La galaxie d’Andromède se dirige vers la Terre. La quasi-totalité de l’humanité est convaincue que sa fin est proche et vit dans la torpeur et la résignation. C’est dans cette société qu’ont grandi Manon et Jo. Si Jo lutte pour ne pas se laisser gagner par le défaitisme, Manon a depuis longtemps choisi de résister et de croire qu’un autre monde est possible.
Un polar d’anticipation racontant le parcours d’émancipation de deux adolescentes refusant la catastrophe. Un univers fort. Un récit prenant.
Extrait :
(…)
MANON : J’ai traversé la ville, j’ai longé le fleuve et après le pont je suis montée sur l’esplanade déserte. A cet endroit le revêtement du sol est particulièrement éblouissant et il m’a fait mal aux yeux. Je ne sais pas si c’est le fait que la lumière solaire soit de plus en plus forte, lentement, progressivement, mais malheureusement pas imperceptiblement ou si l’éclat de ce parvis a toujours existé mais est seulement révélé par l’absence de file d’attente pour entrer. Les musées sont en accès libre depuis quatre ans. Libre et gratuit. Il n’y a plus aucun intérêt à faire payer pour voir des Cézanne ou des Manet. Que ceux qui veulent les voir les voient, a déclaré la ministre de la Culture. Et je suis entrée dans le musée. Il n’y avait personne.

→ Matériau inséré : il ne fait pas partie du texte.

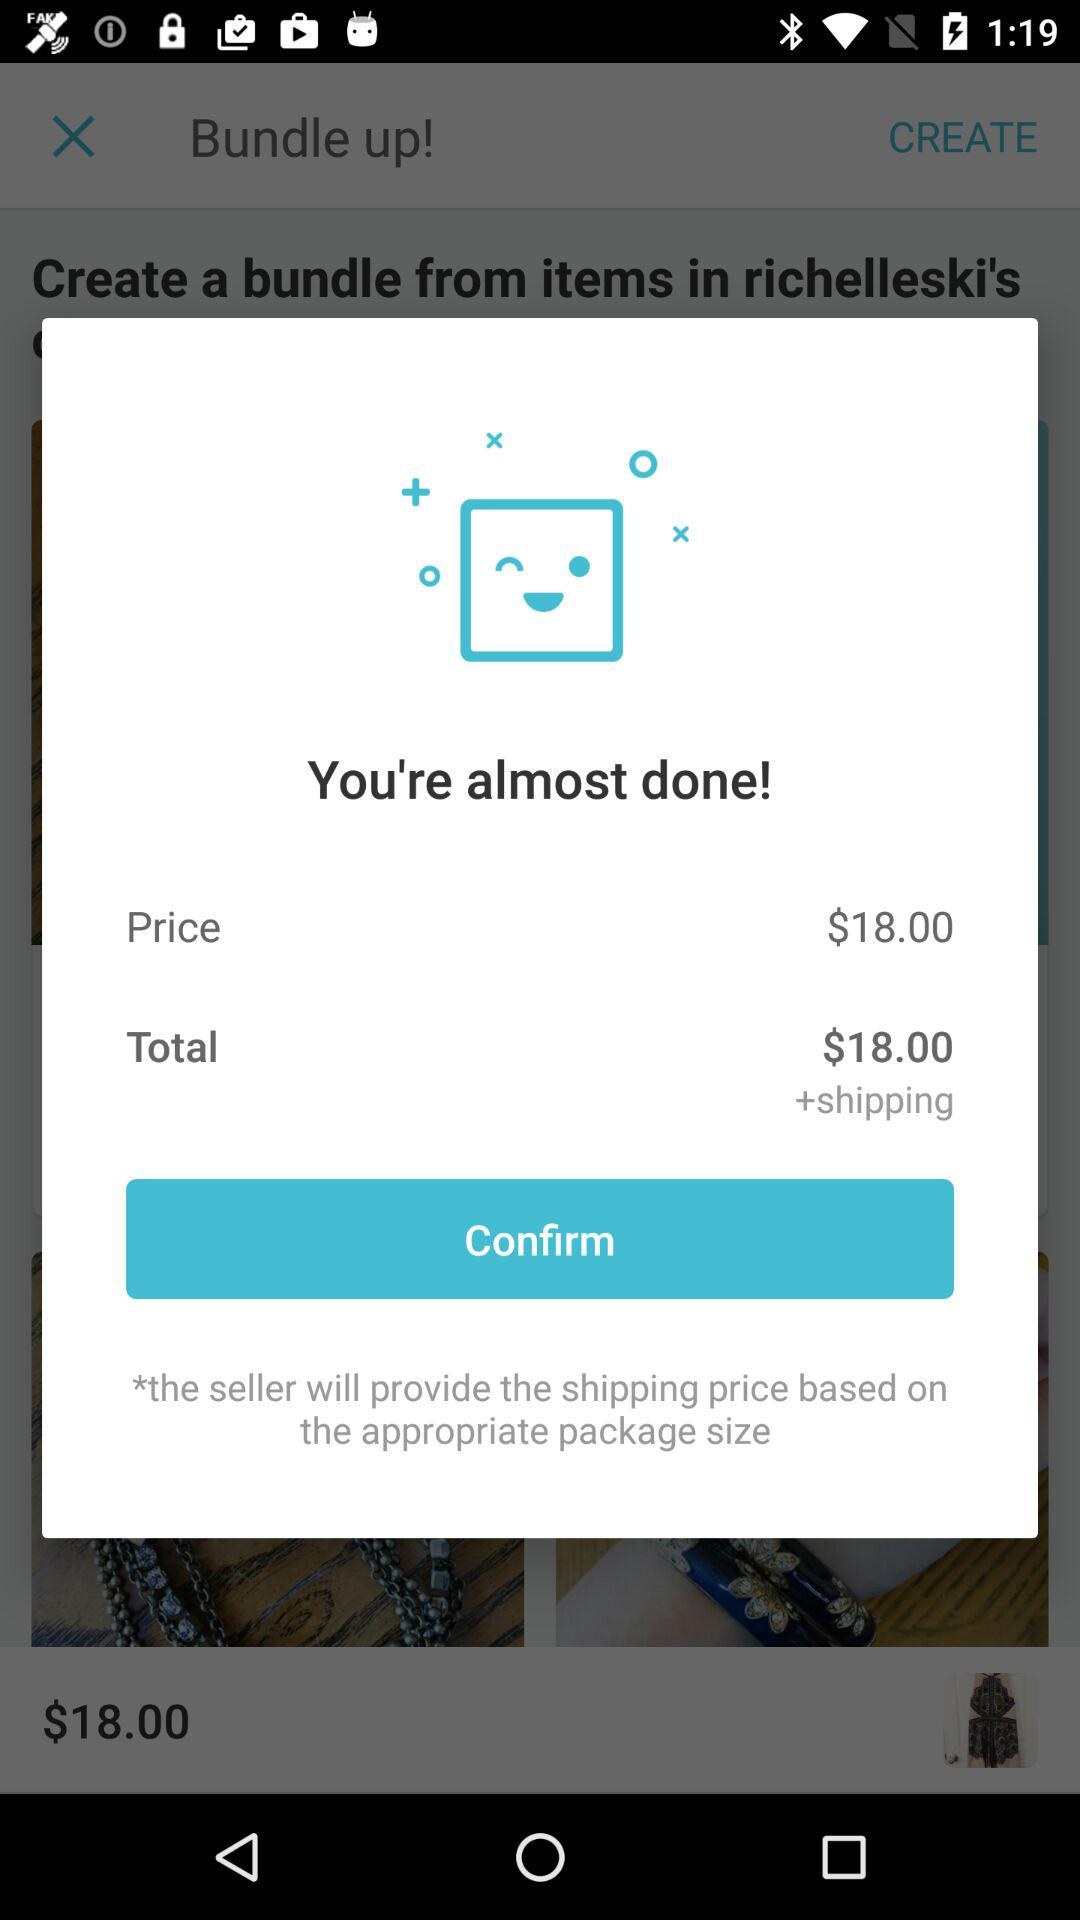What is the total price of the order?
Answer the question using a single word or phrase. $18.00 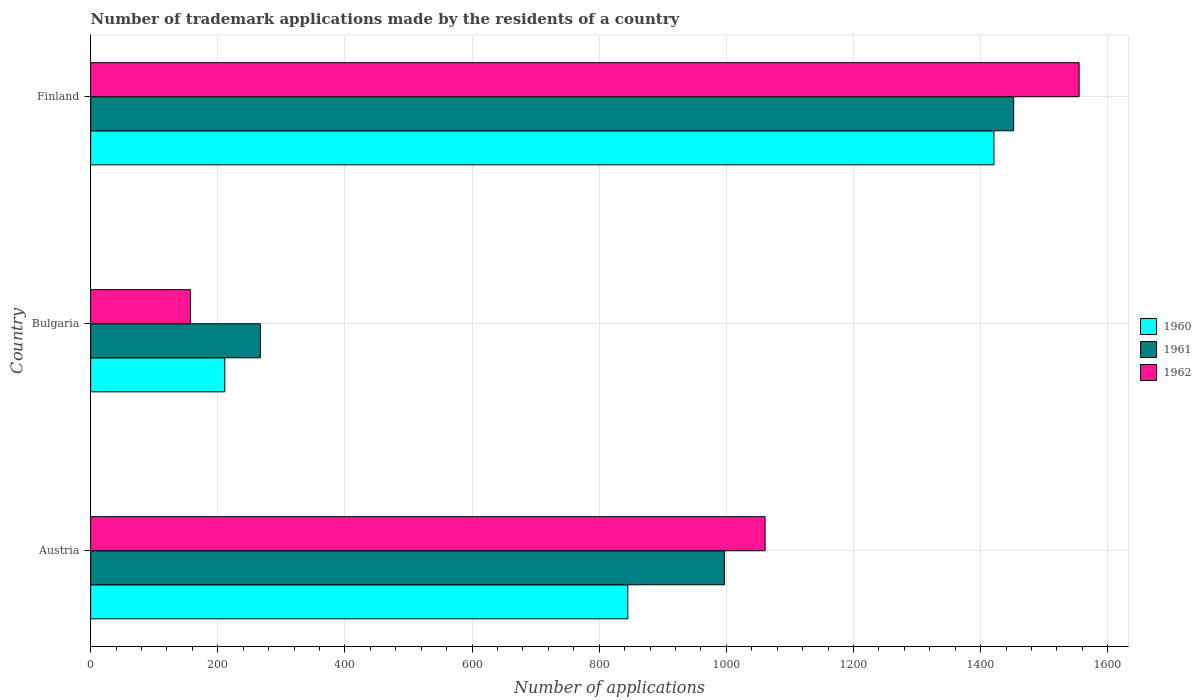How many different coloured bars are there?
Offer a terse response. 3. Are the number of bars on each tick of the Y-axis equal?
Your answer should be very brief. Yes. How many bars are there on the 1st tick from the top?
Offer a terse response. 3. In how many cases, is the number of bars for a given country not equal to the number of legend labels?
Your answer should be very brief. 0. What is the number of trademark applications made by the residents in 1960 in Austria?
Your response must be concise. 845. Across all countries, what is the maximum number of trademark applications made by the residents in 1960?
Offer a very short reply. 1421. Across all countries, what is the minimum number of trademark applications made by the residents in 1962?
Make the answer very short. 157. In which country was the number of trademark applications made by the residents in 1962 maximum?
Your answer should be compact. Finland. What is the total number of trademark applications made by the residents in 1962 in the graph?
Your answer should be very brief. 2773. What is the difference between the number of trademark applications made by the residents in 1960 in Bulgaria and that in Finland?
Offer a terse response. -1210. What is the difference between the number of trademark applications made by the residents in 1961 in Bulgaria and the number of trademark applications made by the residents in 1960 in Finland?
Ensure brevity in your answer.  -1154. What is the average number of trademark applications made by the residents in 1962 per country?
Provide a succinct answer. 924.33. What is the difference between the number of trademark applications made by the residents in 1962 and number of trademark applications made by the residents in 1960 in Finland?
Your answer should be compact. 134. What is the ratio of the number of trademark applications made by the residents in 1961 in Austria to that in Bulgaria?
Your answer should be very brief. 3.73. Is the number of trademark applications made by the residents in 1960 in Bulgaria less than that in Finland?
Your answer should be very brief. Yes. Is the difference between the number of trademark applications made by the residents in 1962 in Bulgaria and Finland greater than the difference between the number of trademark applications made by the residents in 1960 in Bulgaria and Finland?
Your answer should be compact. No. What is the difference between the highest and the second highest number of trademark applications made by the residents in 1960?
Provide a succinct answer. 576. What is the difference between the highest and the lowest number of trademark applications made by the residents in 1960?
Your answer should be very brief. 1210. In how many countries, is the number of trademark applications made by the residents in 1960 greater than the average number of trademark applications made by the residents in 1960 taken over all countries?
Keep it short and to the point. 2. Is the sum of the number of trademark applications made by the residents in 1962 in Austria and Finland greater than the maximum number of trademark applications made by the residents in 1961 across all countries?
Keep it short and to the point. Yes. What does the 3rd bar from the top in Austria represents?
Your response must be concise. 1960. Are all the bars in the graph horizontal?
Your answer should be compact. Yes. What is the difference between two consecutive major ticks on the X-axis?
Provide a short and direct response. 200. Are the values on the major ticks of X-axis written in scientific E-notation?
Offer a terse response. No. Does the graph contain grids?
Offer a very short reply. Yes. How many legend labels are there?
Ensure brevity in your answer.  3. How are the legend labels stacked?
Provide a short and direct response. Vertical. What is the title of the graph?
Your answer should be very brief. Number of trademark applications made by the residents of a country. What is the label or title of the X-axis?
Provide a short and direct response. Number of applications. What is the Number of applications in 1960 in Austria?
Offer a very short reply. 845. What is the Number of applications in 1961 in Austria?
Your answer should be compact. 997. What is the Number of applications in 1962 in Austria?
Give a very brief answer. 1061. What is the Number of applications in 1960 in Bulgaria?
Provide a short and direct response. 211. What is the Number of applications of 1961 in Bulgaria?
Ensure brevity in your answer.  267. What is the Number of applications of 1962 in Bulgaria?
Your answer should be compact. 157. What is the Number of applications of 1960 in Finland?
Provide a succinct answer. 1421. What is the Number of applications of 1961 in Finland?
Ensure brevity in your answer.  1452. What is the Number of applications of 1962 in Finland?
Make the answer very short. 1555. Across all countries, what is the maximum Number of applications of 1960?
Your answer should be very brief. 1421. Across all countries, what is the maximum Number of applications in 1961?
Make the answer very short. 1452. Across all countries, what is the maximum Number of applications of 1962?
Keep it short and to the point. 1555. Across all countries, what is the minimum Number of applications in 1960?
Your response must be concise. 211. Across all countries, what is the minimum Number of applications in 1961?
Offer a terse response. 267. Across all countries, what is the minimum Number of applications of 1962?
Your answer should be very brief. 157. What is the total Number of applications in 1960 in the graph?
Ensure brevity in your answer.  2477. What is the total Number of applications of 1961 in the graph?
Make the answer very short. 2716. What is the total Number of applications of 1962 in the graph?
Your response must be concise. 2773. What is the difference between the Number of applications of 1960 in Austria and that in Bulgaria?
Ensure brevity in your answer.  634. What is the difference between the Number of applications of 1961 in Austria and that in Bulgaria?
Give a very brief answer. 730. What is the difference between the Number of applications in 1962 in Austria and that in Bulgaria?
Keep it short and to the point. 904. What is the difference between the Number of applications in 1960 in Austria and that in Finland?
Keep it short and to the point. -576. What is the difference between the Number of applications of 1961 in Austria and that in Finland?
Make the answer very short. -455. What is the difference between the Number of applications of 1962 in Austria and that in Finland?
Offer a very short reply. -494. What is the difference between the Number of applications in 1960 in Bulgaria and that in Finland?
Provide a short and direct response. -1210. What is the difference between the Number of applications in 1961 in Bulgaria and that in Finland?
Keep it short and to the point. -1185. What is the difference between the Number of applications in 1962 in Bulgaria and that in Finland?
Offer a very short reply. -1398. What is the difference between the Number of applications of 1960 in Austria and the Number of applications of 1961 in Bulgaria?
Make the answer very short. 578. What is the difference between the Number of applications of 1960 in Austria and the Number of applications of 1962 in Bulgaria?
Provide a short and direct response. 688. What is the difference between the Number of applications in 1961 in Austria and the Number of applications in 1962 in Bulgaria?
Keep it short and to the point. 840. What is the difference between the Number of applications of 1960 in Austria and the Number of applications of 1961 in Finland?
Provide a short and direct response. -607. What is the difference between the Number of applications of 1960 in Austria and the Number of applications of 1962 in Finland?
Your answer should be very brief. -710. What is the difference between the Number of applications in 1961 in Austria and the Number of applications in 1962 in Finland?
Offer a very short reply. -558. What is the difference between the Number of applications of 1960 in Bulgaria and the Number of applications of 1961 in Finland?
Provide a short and direct response. -1241. What is the difference between the Number of applications of 1960 in Bulgaria and the Number of applications of 1962 in Finland?
Ensure brevity in your answer.  -1344. What is the difference between the Number of applications of 1961 in Bulgaria and the Number of applications of 1962 in Finland?
Ensure brevity in your answer.  -1288. What is the average Number of applications of 1960 per country?
Your answer should be compact. 825.67. What is the average Number of applications in 1961 per country?
Provide a succinct answer. 905.33. What is the average Number of applications of 1962 per country?
Your response must be concise. 924.33. What is the difference between the Number of applications of 1960 and Number of applications of 1961 in Austria?
Give a very brief answer. -152. What is the difference between the Number of applications in 1960 and Number of applications in 1962 in Austria?
Give a very brief answer. -216. What is the difference between the Number of applications in 1961 and Number of applications in 1962 in Austria?
Give a very brief answer. -64. What is the difference between the Number of applications of 1960 and Number of applications of 1961 in Bulgaria?
Offer a terse response. -56. What is the difference between the Number of applications in 1960 and Number of applications in 1962 in Bulgaria?
Provide a short and direct response. 54. What is the difference between the Number of applications in 1961 and Number of applications in 1962 in Bulgaria?
Keep it short and to the point. 110. What is the difference between the Number of applications in 1960 and Number of applications in 1961 in Finland?
Your answer should be compact. -31. What is the difference between the Number of applications in 1960 and Number of applications in 1962 in Finland?
Keep it short and to the point. -134. What is the difference between the Number of applications of 1961 and Number of applications of 1962 in Finland?
Provide a short and direct response. -103. What is the ratio of the Number of applications in 1960 in Austria to that in Bulgaria?
Your response must be concise. 4. What is the ratio of the Number of applications in 1961 in Austria to that in Bulgaria?
Provide a succinct answer. 3.73. What is the ratio of the Number of applications of 1962 in Austria to that in Bulgaria?
Make the answer very short. 6.76. What is the ratio of the Number of applications of 1960 in Austria to that in Finland?
Your answer should be very brief. 0.59. What is the ratio of the Number of applications in 1961 in Austria to that in Finland?
Provide a succinct answer. 0.69. What is the ratio of the Number of applications of 1962 in Austria to that in Finland?
Offer a terse response. 0.68. What is the ratio of the Number of applications in 1960 in Bulgaria to that in Finland?
Ensure brevity in your answer.  0.15. What is the ratio of the Number of applications in 1961 in Bulgaria to that in Finland?
Ensure brevity in your answer.  0.18. What is the ratio of the Number of applications in 1962 in Bulgaria to that in Finland?
Give a very brief answer. 0.1. What is the difference between the highest and the second highest Number of applications of 1960?
Offer a very short reply. 576. What is the difference between the highest and the second highest Number of applications of 1961?
Make the answer very short. 455. What is the difference between the highest and the second highest Number of applications of 1962?
Your answer should be very brief. 494. What is the difference between the highest and the lowest Number of applications of 1960?
Offer a terse response. 1210. What is the difference between the highest and the lowest Number of applications of 1961?
Ensure brevity in your answer.  1185. What is the difference between the highest and the lowest Number of applications of 1962?
Provide a short and direct response. 1398.

JO : Que ceux qui n’y vont pas tous les jours soient maudits, a déclaré Manon.
MANON : Viens avec moi des fois.
JO : Manon…
T’as mis tes lunettes un peu pendant ta balade au moins ?
MANON : Ok je m’en vais.
JO : Promets que tu vas les mettre !
MANON : T’as des trucs pour moi ?
JO : Dans le sac.
Manon prend le sac.
MANON : Bye je vais écouter le flash dehors.
Je sors. Je mets pas mes lunettes. Jo dit que je me bousille les yeux. Elle ne quitte plus ses lunettes dès qu’elle sort, peu importe l’heure et le lieu. Elle a toujours l’air d’une rockstar ou d’être en deuil.
Je sors de la belle maison de Jo, je vais au bout de l’avenue et je traverse le pont au-dessus de la ligne de train. Après c’est le bois qui commence. Dans une des allées, le refuge pour animaux et ma maison et plus loin le foyer de l’Enfance.
La première fois que j’ai dit ça à Jo elle était scandalisée.
JO : Ils ont mis les enfants abandonnés et les animaux abandonnés au même endroit ?
MANON : Bah oui, c’est dans le bois, c’est vert, au printemps c’est
JO : C’est affreux.
MANON : Je sais pas, je crois pas, les enfants aiment bien venir voir les animaux et moi je vais souvent les voir avec.
Je me retourne une fois vers chez Jo et je vois Adhil et Saffar, les deux planètes de la galaxie d’Andromède les plus proches de nous. Deux planètes presque l’une derrière l’autre, bleutées à cette heure-ci. Elles n’obscurcissent pas le ciel parce que la lumière solaire est tellement forte maintenant.
Il va être quinze heures, je regarde autour de moi pour voir où je vais écouter le flash.
JO : Tout le monde écoute ce foutu bulletin, il est diffusé dans les magasins, les cafés, et Manon adore rentrer dans n’importe quel bar miteux ou loge de gardiens d’immeubles juste pour écouter.
Manon c’est pas sérieux d’entrer n’importe où.
MANON : Et au pire quoi ?
-
J’entre dans le café pourri de l’autre côté du pont je me plante devant l’écran géant. Un type sur un tabouret de bar marmonne un truc en me regardant mais le barman lui dit de la fermer.
LA MERE DE JO, sur l’écran : Flash du jeudi 22 novembre.
MANON : Ça commence.
JO : J’entends pas la date. Le jour, le mois n’évoquent rien. Les jours et les semaines ne passent pas, je ne me souviens de rien de marquant, le temps est une sorte de brouillard immobile.